On the New York Scene:
NEW YORK CITY – The salesroom in Sotheby’s York Avenue headquarters erupted into applause numerous times on May 31 as collectors both in the room and on the phones competed for a range of works by Latin American artists, bringing the evening’s sale total to $7.2 million. The carefully edited sale included works by Latin American masters as well as offerings by contemporary artists who works rarely come to auction.
Speaking of the auction, which represented her debut as head of Sotheby’s Latin American art department, Kirsten Hammer said, “[This] auction shows a buoyant market for Latin American art. Not only did all of our major lots sell, but we also saw healthy competition among American, Latin American and European private collectors and dealers.
“The $1.65 million sale price achieved for the Frida Kalo which Sotheby’s had sold in 1988 for $198,000 shows how very far this market has come in the past ten years as a result of enhanced international competition,” Hammer continued.
A bidding battle ensued between two phone bidders over the highest selling lot for the evening, an early portrait by Frida Kahlo, “Portrait of Cristina, My Sister,” from 1928. The work finally sold for $1,655,750 to an anonymous bidder, well above its high estimate of $1.2 million.
Completed only two years after Kahlo began to paint following a near-fatal bus accident, the artist’s sister is portrayed with a bright palette as a well-dressed bourgeois. Although the painting is easily recognizable as the work of Kahlo, it is a very different image from the artist’s portraits that followed a year after the painting’s completion.
One of the most exciting moments of the evening came when a large-scale oil and collage on panel, “Prueba de Nuevo,” by the Argentinean artist Jorge de la Vega, was brought to the stage. The auctioneer opened with an order bid of $60,000 and another bidder bidding through a Sotheby’s representative on the phone immediately jumped the bid to $130,000. Four additional bidders competed, and the piece finally shattered the artist’s previous record at auction ($10,350) when it sold for $335,750 to a private collector from Argentina.
Hammer attributed the high price for the work to the fact the powerfully expressive canvas was a key example of the work of an artist who was not only a member of Nueva Figuración but also someone who tragically died young.
A magnificent work by Rufino Tamayo, “Serenata a la Luna (Serenade to the Moon)” from 1949, the period thought to be the pinnacle of the artist’s career, sold to a South American private collector for $599,750. The work is a prime example of Tamayo’s mature style, a synthesis of Mexican and pre-Columbian shapes and ideas with the fundamental Cubist elements he discovered during Pablo Picasso’s New York exhibition in 1940.
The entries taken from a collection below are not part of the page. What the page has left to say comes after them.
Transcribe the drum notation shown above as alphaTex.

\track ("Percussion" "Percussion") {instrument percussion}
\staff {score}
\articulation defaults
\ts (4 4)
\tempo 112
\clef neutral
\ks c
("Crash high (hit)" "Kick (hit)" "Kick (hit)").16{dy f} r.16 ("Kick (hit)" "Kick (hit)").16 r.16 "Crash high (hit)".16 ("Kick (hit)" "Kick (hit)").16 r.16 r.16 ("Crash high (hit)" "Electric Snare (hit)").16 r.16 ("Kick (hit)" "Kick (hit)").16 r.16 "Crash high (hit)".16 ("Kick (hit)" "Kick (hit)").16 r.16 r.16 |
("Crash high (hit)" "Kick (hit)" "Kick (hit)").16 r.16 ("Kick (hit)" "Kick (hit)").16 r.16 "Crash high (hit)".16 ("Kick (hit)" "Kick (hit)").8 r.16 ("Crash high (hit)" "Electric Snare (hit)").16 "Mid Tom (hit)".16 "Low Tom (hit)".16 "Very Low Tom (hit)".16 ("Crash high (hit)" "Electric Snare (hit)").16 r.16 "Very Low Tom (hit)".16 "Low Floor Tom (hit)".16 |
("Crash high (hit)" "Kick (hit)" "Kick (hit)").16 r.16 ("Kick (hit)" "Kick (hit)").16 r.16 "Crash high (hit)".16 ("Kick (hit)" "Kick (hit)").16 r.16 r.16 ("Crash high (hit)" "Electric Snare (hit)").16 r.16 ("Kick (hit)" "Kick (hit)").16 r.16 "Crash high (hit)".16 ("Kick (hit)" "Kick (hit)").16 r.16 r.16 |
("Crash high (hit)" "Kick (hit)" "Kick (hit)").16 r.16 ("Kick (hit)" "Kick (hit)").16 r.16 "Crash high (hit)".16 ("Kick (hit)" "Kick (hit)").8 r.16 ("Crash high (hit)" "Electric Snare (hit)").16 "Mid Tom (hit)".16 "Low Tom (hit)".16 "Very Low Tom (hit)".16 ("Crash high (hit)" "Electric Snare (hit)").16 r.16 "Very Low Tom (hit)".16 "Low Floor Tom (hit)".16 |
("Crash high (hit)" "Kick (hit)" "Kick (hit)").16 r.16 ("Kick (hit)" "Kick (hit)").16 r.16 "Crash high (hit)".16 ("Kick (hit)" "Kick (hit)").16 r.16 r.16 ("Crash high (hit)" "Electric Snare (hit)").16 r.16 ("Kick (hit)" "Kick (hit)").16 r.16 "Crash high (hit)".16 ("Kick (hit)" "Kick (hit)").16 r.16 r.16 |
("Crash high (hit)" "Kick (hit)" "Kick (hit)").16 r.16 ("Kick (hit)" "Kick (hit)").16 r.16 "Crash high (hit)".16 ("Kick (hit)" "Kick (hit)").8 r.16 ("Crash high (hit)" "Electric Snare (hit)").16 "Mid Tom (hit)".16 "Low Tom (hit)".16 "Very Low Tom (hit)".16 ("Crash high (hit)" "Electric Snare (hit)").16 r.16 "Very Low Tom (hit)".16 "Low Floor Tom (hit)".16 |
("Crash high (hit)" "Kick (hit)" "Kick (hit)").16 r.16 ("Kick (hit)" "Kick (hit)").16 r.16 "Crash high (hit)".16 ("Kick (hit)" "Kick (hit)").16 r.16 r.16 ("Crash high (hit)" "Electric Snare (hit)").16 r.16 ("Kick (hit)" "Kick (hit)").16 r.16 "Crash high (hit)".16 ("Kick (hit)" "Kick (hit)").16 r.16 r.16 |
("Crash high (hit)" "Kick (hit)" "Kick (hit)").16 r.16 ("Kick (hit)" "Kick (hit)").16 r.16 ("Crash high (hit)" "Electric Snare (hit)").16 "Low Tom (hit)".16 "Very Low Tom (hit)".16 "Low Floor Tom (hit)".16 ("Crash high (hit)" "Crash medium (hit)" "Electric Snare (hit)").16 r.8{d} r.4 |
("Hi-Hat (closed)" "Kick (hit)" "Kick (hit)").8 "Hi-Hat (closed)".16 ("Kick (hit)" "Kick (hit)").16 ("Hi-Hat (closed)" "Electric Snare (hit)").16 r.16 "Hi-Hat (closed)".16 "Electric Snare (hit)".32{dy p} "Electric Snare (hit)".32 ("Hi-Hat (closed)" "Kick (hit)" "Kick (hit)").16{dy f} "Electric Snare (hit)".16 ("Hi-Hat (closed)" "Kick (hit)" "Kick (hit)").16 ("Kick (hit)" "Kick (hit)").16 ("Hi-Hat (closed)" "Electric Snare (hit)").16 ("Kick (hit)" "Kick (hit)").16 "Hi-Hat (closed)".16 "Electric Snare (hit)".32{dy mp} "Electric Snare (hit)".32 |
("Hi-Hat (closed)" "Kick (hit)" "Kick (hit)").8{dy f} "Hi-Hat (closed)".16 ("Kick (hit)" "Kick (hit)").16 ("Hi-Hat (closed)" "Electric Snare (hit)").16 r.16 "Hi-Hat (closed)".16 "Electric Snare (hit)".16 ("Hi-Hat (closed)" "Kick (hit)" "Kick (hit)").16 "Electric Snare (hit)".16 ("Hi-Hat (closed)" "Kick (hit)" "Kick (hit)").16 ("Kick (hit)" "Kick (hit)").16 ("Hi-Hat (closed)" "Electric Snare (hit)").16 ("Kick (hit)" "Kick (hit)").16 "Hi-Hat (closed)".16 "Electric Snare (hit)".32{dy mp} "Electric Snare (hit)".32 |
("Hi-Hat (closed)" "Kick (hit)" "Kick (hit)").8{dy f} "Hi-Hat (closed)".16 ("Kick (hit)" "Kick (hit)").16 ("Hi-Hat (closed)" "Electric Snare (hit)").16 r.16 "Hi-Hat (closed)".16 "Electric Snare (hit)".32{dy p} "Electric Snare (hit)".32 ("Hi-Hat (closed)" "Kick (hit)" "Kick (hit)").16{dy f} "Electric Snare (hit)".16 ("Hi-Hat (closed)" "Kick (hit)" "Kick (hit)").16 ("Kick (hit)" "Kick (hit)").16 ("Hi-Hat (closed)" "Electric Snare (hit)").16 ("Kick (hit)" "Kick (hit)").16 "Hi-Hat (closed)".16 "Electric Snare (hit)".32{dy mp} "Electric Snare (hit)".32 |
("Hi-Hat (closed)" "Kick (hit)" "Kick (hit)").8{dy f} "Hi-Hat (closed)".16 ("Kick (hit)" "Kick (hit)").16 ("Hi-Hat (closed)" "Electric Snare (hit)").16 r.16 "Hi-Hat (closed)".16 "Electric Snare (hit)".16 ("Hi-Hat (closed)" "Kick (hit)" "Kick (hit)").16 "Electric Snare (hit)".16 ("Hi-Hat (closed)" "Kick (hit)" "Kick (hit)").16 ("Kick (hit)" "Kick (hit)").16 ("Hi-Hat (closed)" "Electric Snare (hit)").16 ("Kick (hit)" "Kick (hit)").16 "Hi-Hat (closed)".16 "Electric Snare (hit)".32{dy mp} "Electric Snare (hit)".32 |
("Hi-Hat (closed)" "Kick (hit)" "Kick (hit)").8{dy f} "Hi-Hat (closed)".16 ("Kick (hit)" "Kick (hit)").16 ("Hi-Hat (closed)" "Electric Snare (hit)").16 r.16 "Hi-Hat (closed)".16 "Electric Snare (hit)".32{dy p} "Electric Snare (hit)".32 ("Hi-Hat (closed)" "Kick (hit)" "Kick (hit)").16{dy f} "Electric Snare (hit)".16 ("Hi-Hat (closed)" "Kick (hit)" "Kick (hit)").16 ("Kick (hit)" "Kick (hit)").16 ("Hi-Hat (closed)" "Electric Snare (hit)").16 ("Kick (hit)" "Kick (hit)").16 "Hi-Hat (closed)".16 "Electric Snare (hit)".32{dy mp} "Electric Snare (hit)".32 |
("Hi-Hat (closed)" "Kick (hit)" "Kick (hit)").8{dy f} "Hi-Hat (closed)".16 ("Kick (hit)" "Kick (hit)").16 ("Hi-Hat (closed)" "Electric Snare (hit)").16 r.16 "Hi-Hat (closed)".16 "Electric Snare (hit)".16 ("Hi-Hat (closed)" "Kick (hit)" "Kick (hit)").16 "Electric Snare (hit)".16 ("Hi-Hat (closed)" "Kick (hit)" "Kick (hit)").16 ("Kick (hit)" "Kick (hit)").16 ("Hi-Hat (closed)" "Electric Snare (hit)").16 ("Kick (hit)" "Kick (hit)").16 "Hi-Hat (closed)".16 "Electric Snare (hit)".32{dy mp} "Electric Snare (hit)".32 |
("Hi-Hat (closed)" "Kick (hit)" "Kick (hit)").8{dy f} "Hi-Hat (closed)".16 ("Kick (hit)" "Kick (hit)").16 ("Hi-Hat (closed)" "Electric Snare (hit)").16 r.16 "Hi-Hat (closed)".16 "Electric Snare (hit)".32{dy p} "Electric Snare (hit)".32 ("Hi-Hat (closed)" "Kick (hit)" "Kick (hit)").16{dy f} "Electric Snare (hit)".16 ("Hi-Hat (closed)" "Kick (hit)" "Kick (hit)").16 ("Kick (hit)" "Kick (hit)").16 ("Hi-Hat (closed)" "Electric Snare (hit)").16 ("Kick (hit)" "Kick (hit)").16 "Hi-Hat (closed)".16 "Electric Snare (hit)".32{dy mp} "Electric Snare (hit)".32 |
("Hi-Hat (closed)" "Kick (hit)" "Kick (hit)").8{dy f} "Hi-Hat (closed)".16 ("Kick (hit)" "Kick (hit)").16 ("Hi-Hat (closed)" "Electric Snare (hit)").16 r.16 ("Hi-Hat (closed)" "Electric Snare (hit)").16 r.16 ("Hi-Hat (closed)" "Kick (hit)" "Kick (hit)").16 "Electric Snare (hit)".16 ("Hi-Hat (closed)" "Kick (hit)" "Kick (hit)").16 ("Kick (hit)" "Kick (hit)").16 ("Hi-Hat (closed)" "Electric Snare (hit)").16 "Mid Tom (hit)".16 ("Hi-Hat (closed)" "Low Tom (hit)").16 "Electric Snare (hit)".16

Fernando Botero’s charming “Florero” sparked spirited bidding and far surpassed its high estimate of $275,000 to sell for $473,250 to an anonymous bidder on the phone, while his monumental bronze sculpture “Female Torso,” from 1983, brought $418,250, selling to a European private collector.
“Morphology of Desire,” produced in 1938 by the internationally celebrated Chilean artist Matta, during a time when the artist was working in Corbusier’s studio in France, brought $582,850. Also by Matta, an untitled Surrealist crayon on paper image from 1938 fetched $258,750.
An additional artist’s record was set for a work on paper by Rufino Tamayo when a study for his famous watermelon images from the mural “Naturaleza Muerta,” painted in 1954 in Mexico City, sold for $87,000, surpassing the artist’s at-sale record of $77,000.
Manuel Cabré’s “Vista del Valle de Caracas desde el Calvario,” a landscape of Caracas in the 1920s, sold for $148,750, also breaking a record for that artist at auction.
At Christie’s offering of Latin American art on May 30, 70 lots totaled $4,251,525, with 67 percent of offerings sold by lot, 61 percent by dollar.
“In addition to exceptional prices achieved by Rufino Tamayo, Joaquin Torres-Garcia, David Alfaro Siquieros and other masters,” said Ana Sokoloff, head of the firm’s Latin American art department, “twelve auction records were set, including seven for contemporary artists who made their auction debuts.
“It was a lively sale,” she continued, “with bidding in the room and on the phones [from] Latin American, European and US collectors.”
Tamayo’s “Madre feliz,” 1949, was the top lot at $556,000, going to a private collector. In fact, all ten top lots were won by the private sector, including Torres-Garcia’s “Construccion,” 1944, which sold for $446,000; Siquieros’ “Proyecto para el mural sur de la Cd. Universitaria…,” which reached $270,000; and Fernando Botero’s “Familia,” which realized $160,000.